> **Material to process**
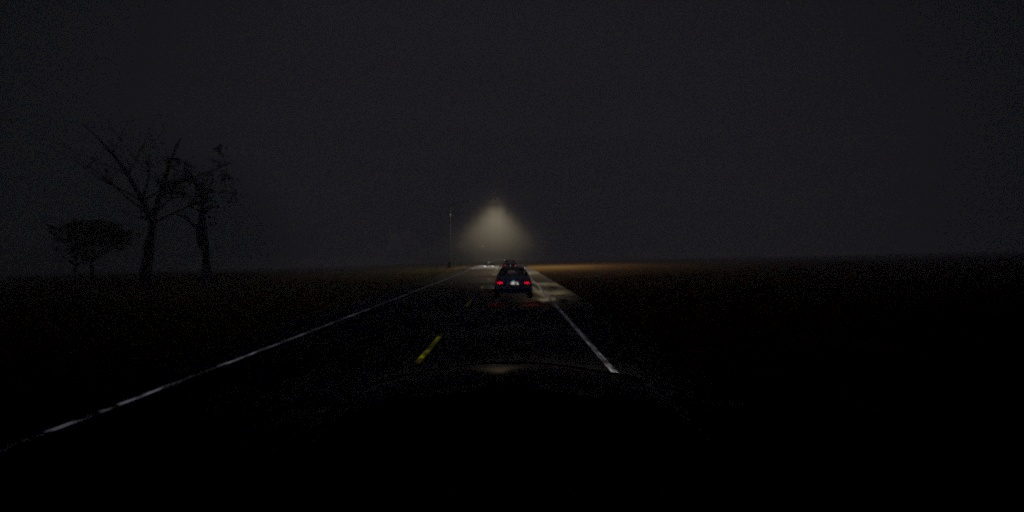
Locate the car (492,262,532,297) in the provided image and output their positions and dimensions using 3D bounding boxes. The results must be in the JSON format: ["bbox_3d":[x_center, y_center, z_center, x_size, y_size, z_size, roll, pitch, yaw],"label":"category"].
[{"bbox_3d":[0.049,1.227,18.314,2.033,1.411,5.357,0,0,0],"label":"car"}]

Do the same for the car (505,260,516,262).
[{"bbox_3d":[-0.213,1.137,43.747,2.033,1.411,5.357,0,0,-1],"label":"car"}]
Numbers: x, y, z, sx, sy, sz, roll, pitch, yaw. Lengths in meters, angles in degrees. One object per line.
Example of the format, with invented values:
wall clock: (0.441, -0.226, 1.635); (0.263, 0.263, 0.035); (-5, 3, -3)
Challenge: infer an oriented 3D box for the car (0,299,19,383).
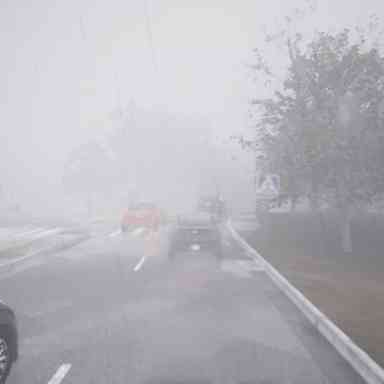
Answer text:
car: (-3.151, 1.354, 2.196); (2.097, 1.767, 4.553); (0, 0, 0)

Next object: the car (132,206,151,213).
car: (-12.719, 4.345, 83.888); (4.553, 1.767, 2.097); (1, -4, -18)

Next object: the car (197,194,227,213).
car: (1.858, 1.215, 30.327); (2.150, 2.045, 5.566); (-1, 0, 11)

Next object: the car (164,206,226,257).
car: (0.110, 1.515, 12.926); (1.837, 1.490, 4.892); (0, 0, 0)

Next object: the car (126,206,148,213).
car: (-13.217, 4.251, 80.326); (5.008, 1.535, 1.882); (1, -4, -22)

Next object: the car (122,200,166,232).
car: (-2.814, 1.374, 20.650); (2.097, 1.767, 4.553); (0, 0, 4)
---
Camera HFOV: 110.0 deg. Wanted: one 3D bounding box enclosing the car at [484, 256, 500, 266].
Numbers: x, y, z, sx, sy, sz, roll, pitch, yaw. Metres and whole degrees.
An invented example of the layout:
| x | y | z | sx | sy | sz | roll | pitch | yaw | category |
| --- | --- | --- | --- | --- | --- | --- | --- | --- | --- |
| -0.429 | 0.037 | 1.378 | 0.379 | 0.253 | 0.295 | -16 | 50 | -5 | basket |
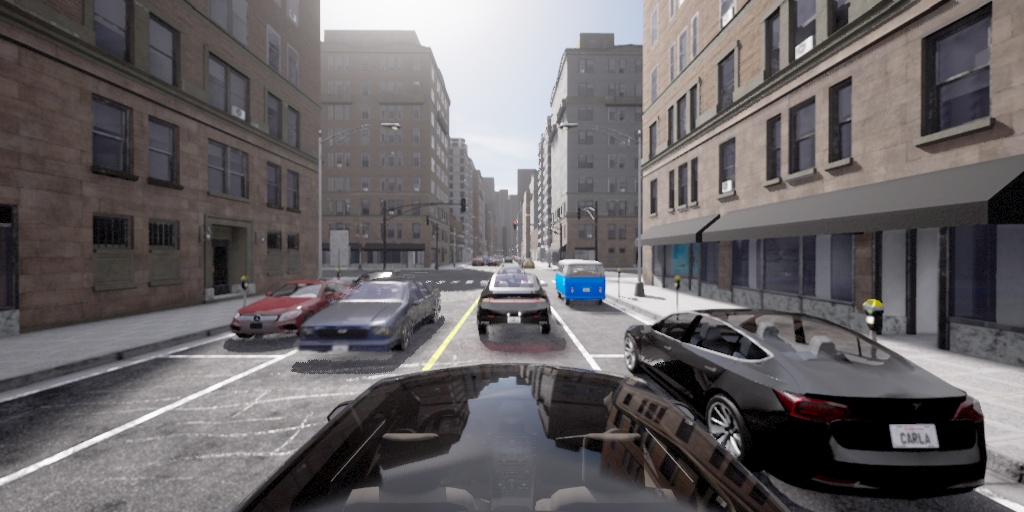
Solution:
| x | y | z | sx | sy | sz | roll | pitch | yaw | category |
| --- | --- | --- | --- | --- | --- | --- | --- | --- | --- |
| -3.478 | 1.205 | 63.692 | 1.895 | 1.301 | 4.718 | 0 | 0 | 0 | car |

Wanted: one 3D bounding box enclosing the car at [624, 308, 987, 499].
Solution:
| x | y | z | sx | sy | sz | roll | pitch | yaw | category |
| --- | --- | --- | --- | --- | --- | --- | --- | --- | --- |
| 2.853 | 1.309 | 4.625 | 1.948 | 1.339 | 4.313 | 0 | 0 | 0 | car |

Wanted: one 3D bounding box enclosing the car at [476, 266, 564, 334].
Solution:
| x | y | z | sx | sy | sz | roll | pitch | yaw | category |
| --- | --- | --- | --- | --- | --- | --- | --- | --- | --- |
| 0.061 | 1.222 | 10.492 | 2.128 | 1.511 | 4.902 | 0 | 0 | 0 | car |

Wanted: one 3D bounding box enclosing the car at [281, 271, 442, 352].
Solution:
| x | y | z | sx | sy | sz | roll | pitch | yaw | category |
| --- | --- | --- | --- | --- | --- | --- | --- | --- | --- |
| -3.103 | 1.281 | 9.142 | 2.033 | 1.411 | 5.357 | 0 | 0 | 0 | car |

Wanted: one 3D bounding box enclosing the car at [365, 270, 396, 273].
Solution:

> **Brief**
Using the listing, collect all lines in which the string "Numbers" is found.

> **Answer**
Numbers: x, y, z, sx, sy, sz, roll, pitch, yaw. Lengths in meters, angles in degrees. One object per line.
Numbers: x, y, z, sx, sy, sz, roll, pitch, yaw. Metres and whole degrees.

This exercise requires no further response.